Reporting from the Hyderabard Commons Conference: assessing the comparative threats from market and state

The IASC conference marked significant progress on numerous fronts. With the appearance of environmental ministers from India and El Salvador, Ostrom’s Nobel Prize, and several instances of the commons movement gaining audiences with government leaders and key policymakers, it’s clear the commons movement has grown from a largely intellectual and academic station to playing a significant role influencing policy and practices on the ground.

Excerpted from the report by Christopher G. Cook for Shareable magazine:

“America’s bitterly divided discourse about government and the public sector is all but absent here at the global commons conference in Hyderabad, India where criticisms of government seem driven more by an impulse to protect communities from state-corporate takings of common lands than by the urge to eliminate taxes and regulation.

The question of who can best preserve common resources — and defining what these ‘commons’ are — is a prevailing theme here, with widespread criticism heaped on governments in India and other ‘developing’ nations for prioritizing GDP and large-scale industrial growth over community-based economic survival.

In the Tamil Nadu province in India’s south, for instance, the Adivasi forest tribes have battled government agencies — often representing private industrial interests — for their survival in traditional forest harvesting areas. “The state forest department has systematically undermined traditional rights and uses,” explained Kunjam Pandu Dora, a forest tribes activist presenting at the conference.

Indian pastoralists and forest tribes have been summarily kicked out of new national parklands, and their traditional harvesting has become illegal, creating new pressures for tribes to enter the agrarian economy while spurring clashes with other pastoralists and farmers.

Such contested terrains and colliding interests are everywhere; how, for instance, does India supply power, technological and industrial development to its ever-rising middle-class (and even peasant communities) without radically scouring and imperiling its resources and increasing its carbon footprint?

Throughout the conference, I asked participants this: How can India, China, and other nations ‘develop’ U.S.-style, with ever-expanding growth and industrial production and consumption, without plunging the planet deeper into climatologic and social-economic chaos. And what role can the public sector play in preventing rather than encouraging this downward spiral?
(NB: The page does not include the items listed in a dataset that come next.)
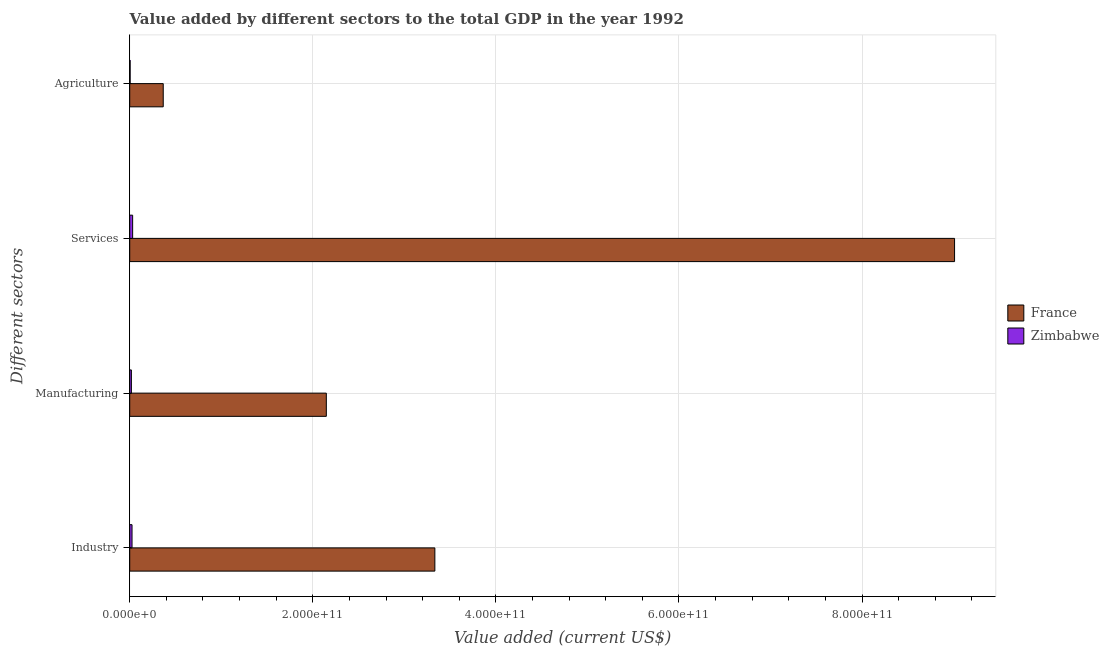How many different coloured bars are there?
Provide a short and direct response. 2. Are the number of bars per tick equal to the number of legend labels?
Your answer should be compact. Yes. How many bars are there on the 4th tick from the top?
Your response must be concise. 2. What is the label of the 3rd group of bars from the top?
Provide a short and direct response. Manufacturing. What is the value added by agricultural sector in Zimbabwe?
Provide a succinct answer. 4.56e+08. Across all countries, what is the maximum value added by services sector?
Make the answer very short. 9.01e+11. Across all countries, what is the minimum value added by agricultural sector?
Your answer should be compact. 4.56e+08. In which country was the value added by manufacturing sector maximum?
Keep it short and to the point. France. In which country was the value added by manufacturing sector minimum?
Ensure brevity in your answer.  Zimbabwe. What is the total value added by services sector in the graph?
Keep it short and to the point. 9.04e+11. What is the difference between the value added by agricultural sector in Zimbabwe and that in France?
Provide a short and direct response. -3.61e+1. What is the difference between the value added by manufacturing sector in France and the value added by services sector in Zimbabwe?
Your answer should be compact. 2.12e+11. What is the average value added by manufacturing sector per country?
Keep it short and to the point. 1.08e+11. What is the difference between the value added by agricultural sector and value added by industrial sector in Zimbabwe?
Make the answer very short. -2.06e+09. In how many countries, is the value added by industrial sector greater than 280000000000 US$?
Provide a short and direct response. 1. What is the ratio of the value added by industrial sector in Zimbabwe to that in France?
Your response must be concise. 0.01. What is the difference between the highest and the second highest value added by services sector?
Provide a short and direct response. 8.98e+11. What is the difference between the highest and the lowest value added by agricultural sector?
Make the answer very short. 3.61e+1. What does the 1st bar from the top in Industry represents?
Offer a terse response. Zimbabwe. Is it the case that in every country, the sum of the value added by industrial sector and value added by manufacturing sector is greater than the value added by services sector?
Your answer should be compact. No. How many bars are there?
Give a very brief answer. 8. How many countries are there in the graph?
Give a very brief answer. 2. What is the difference between two consecutive major ticks on the X-axis?
Your answer should be very brief. 2.00e+11. Are the values on the major ticks of X-axis written in scientific E-notation?
Make the answer very short. Yes. Does the graph contain any zero values?
Your response must be concise. No. How many legend labels are there?
Ensure brevity in your answer.  2. What is the title of the graph?
Your answer should be very brief. Value added by different sectors to the total GDP in the year 1992. Does "Euro area" appear as one of the legend labels in the graph?
Make the answer very short. No. What is the label or title of the X-axis?
Your answer should be very brief. Value added (current US$). What is the label or title of the Y-axis?
Provide a short and direct response. Different sectors. What is the Value added (current US$) of France in Industry?
Make the answer very short. 3.33e+11. What is the Value added (current US$) of Zimbabwe in Industry?
Provide a short and direct response. 2.51e+09. What is the Value added (current US$) of France in Manufacturing?
Keep it short and to the point. 2.15e+11. What is the Value added (current US$) in Zimbabwe in Manufacturing?
Provide a succinct answer. 1.82e+09. What is the Value added (current US$) of France in Services?
Provide a succinct answer. 9.01e+11. What is the Value added (current US$) in Zimbabwe in Services?
Ensure brevity in your answer.  3.18e+09. What is the Value added (current US$) in France in Agriculture?
Your answer should be very brief. 3.66e+1. What is the Value added (current US$) in Zimbabwe in Agriculture?
Make the answer very short. 4.56e+08. Across all Different sectors, what is the maximum Value added (current US$) in France?
Make the answer very short. 9.01e+11. Across all Different sectors, what is the maximum Value added (current US$) in Zimbabwe?
Your answer should be very brief. 3.18e+09. Across all Different sectors, what is the minimum Value added (current US$) of France?
Your answer should be very brief. 3.66e+1. Across all Different sectors, what is the minimum Value added (current US$) in Zimbabwe?
Your response must be concise. 4.56e+08. What is the total Value added (current US$) in France in the graph?
Give a very brief answer. 1.49e+12. What is the total Value added (current US$) in Zimbabwe in the graph?
Offer a terse response. 7.96e+09. What is the difference between the Value added (current US$) in France in Industry and that in Manufacturing?
Give a very brief answer. 1.19e+11. What is the difference between the Value added (current US$) in Zimbabwe in Industry and that in Manufacturing?
Give a very brief answer. 6.96e+08. What is the difference between the Value added (current US$) in France in Industry and that in Services?
Keep it short and to the point. -5.68e+11. What is the difference between the Value added (current US$) in Zimbabwe in Industry and that in Services?
Provide a short and direct response. -6.68e+08. What is the difference between the Value added (current US$) of France in Industry and that in Agriculture?
Your response must be concise. 2.97e+11. What is the difference between the Value added (current US$) of Zimbabwe in Industry and that in Agriculture?
Make the answer very short. 2.06e+09. What is the difference between the Value added (current US$) of France in Manufacturing and that in Services?
Provide a short and direct response. -6.86e+11. What is the difference between the Value added (current US$) of Zimbabwe in Manufacturing and that in Services?
Provide a short and direct response. -1.36e+09. What is the difference between the Value added (current US$) in France in Manufacturing and that in Agriculture?
Your answer should be compact. 1.78e+11. What is the difference between the Value added (current US$) in Zimbabwe in Manufacturing and that in Agriculture?
Provide a short and direct response. 1.36e+09. What is the difference between the Value added (current US$) of France in Services and that in Agriculture?
Provide a short and direct response. 8.65e+11. What is the difference between the Value added (current US$) in Zimbabwe in Services and that in Agriculture?
Your response must be concise. 2.72e+09. What is the difference between the Value added (current US$) in France in Industry and the Value added (current US$) in Zimbabwe in Manufacturing?
Make the answer very short. 3.32e+11. What is the difference between the Value added (current US$) of France in Industry and the Value added (current US$) of Zimbabwe in Services?
Ensure brevity in your answer.  3.30e+11. What is the difference between the Value added (current US$) of France in Industry and the Value added (current US$) of Zimbabwe in Agriculture?
Make the answer very short. 3.33e+11. What is the difference between the Value added (current US$) in France in Manufacturing and the Value added (current US$) in Zimbabwe in Services?
Give a very brief answer. 2.12e+11. What is the difference between the Value added (current US$) in France in Manufacturing and the Value added (current US$) in Zimbabwe in Agriculture?
Your response must be concise. 2.14e+11. What is the difference between the Value added (current US$) of France in Services and the Value added (current US$) of Zimbabwe in Agriculture?
Keep it short and to the point. 9.01e+11. What is the average Value added (current US$) of France per Different sectors?
Offer a terse response. 3.71e+11. What is the average Value added (current US$) of Zimbabwe per Different sectors?
Your response must be concise. 1.99e+09. What is the difference between the Value added (current US$) in France and Value added (current US$) in Zimbabwe in Industry?
Provide a short and direct response. 3.31e+11. What is the difference between the Value added (current US$) of France and Value added (current US$) of Zimbabwe in Manufacturing?
Provide a succinct answer. 2.13e+11. What is the difference between the Value added (current US$) of France and Value added (current US$) of Zimbabwe in Services?
Keep it short and to the point. 8.98e+11. What is the difference between the Value added (current US$) in France and Value added (current US$) in Zimbabwe in Agriculture?
Provide a short and direct response. 3.61e+1. What is the ratio of the Value added (current US$) of France in Industry to that in Manufacturing?
Keep it short and to the point. 1.55. What is the ratio of the Value added (current US$) in Zimbabwe in Industry to that in Manufacturing?
Offer a very short reply. 1.38. What is the ratio of the Value added (current US$) of France in Industry to that in Services?
Give a very brief answer. 0.37. What is the ratio of the Value added (current US$) of Zimbabwe in Industry to that in Services?
Your response must be concise. 0.79. What is the ratio of the Value added (current US$) of France in Industry to that in Agriculture?
Give a very brief answer. 9.11. What is the ratio of the Value added (current US$) in Zimbabwe in Industry to that in Agriculture?
Make the answer very short. 5.51. What is the ratio of the Value added (current US$) of France in Manufacturing to that in Services?
Offer a very short reply. 0.24. What is the ratio of the Value added (current US$) in Zimbabwe in Manufacturing to that in Services?
Your answer should be very brief. 0.57. What is the ratio of the Value added (current US$) in France in Manufacturing to that in Agriculture?
Your response must be concise. 5.87. What is the ratio of the Value added (current US$) in Zimbabwe in Manufacturing to that in Agriculture?
Provide a succinct answer. 3.98. What is the ratio of the Value added (current US$) of France in Services to that in Agriculture?
Offer a very short reply. 24.62. What is the ratio of the Value added (current US$) in Zimbabwe in Services to that in Agriculture?
Make the answer very short. 6.98. What is the difference between the highest and the second highest Value added (current US$) in France?
Your response must be concise. 5.68e+11. What is the difference between the highest and the second highest Value added (current US$) in Zimbabwe?
Ensure brevity in your answer.  6.68e+08. What is the difference between the highest and the lowest Value added (current US$) of France?
Offer a terse response. 8.65e+11. What is the difference between the highest and the lowest Value added (current US$) of Zimbabwe?
Offer a very short reply. 2.72e+09.

India’s erudite and controversial Minister of Environment and Forests, Shri Jairam Ramesh, has endured “severe criticism and opposition” for blocking major hydro projects that would dam the upper Ganges River, and lamented that, in India, merely implementing the law creates big, splashy headlines and trouble. He told a rapt conference crowd, “It is time for India to accept that 9 percent economic growth has ecological consequences. There is a trade-off.”

Ramesh added, “The first thing standing in the way of implementing our laws is the development imperative.”

Yet in the same speech, Minister Ramesh cited an “army of regulators who have become part of the problem” getting in the way of sustainable, community-based development. He asked the crowd, “Do regulations require regulators?”

While Ramesh is considered somewhat of a hero for environmental and common lands protection, the minister said he also encountered “huge resistance by civil society groups” when he released a paper advocating market-based approaches to environmental management.

“Our laws are based on institutional monocultures,” Ramesh told the commons crowd. “We need to allow for different ways.” India is “enormously diverse” both economically and ecologically, “yet we still insist on the primacy of the state.”

In my sampling of numerous workshops and dozens of interviews, the commons conference appeared to emphasize more criticism of the public sector than the private. Several delegates I spoke with expressed frustration about this tilt. One attendee remarked, “I’m surprised we hear nothing about capitalism here, nothing about the larger underlying forces.” This sentiment was repeated several times in discussions with delegates.

“Too often we focus on getting the rules just right, but we don’t focus on the larger political environment and context,” said Ben Cousins, a land reform expert and activist in South Africa.”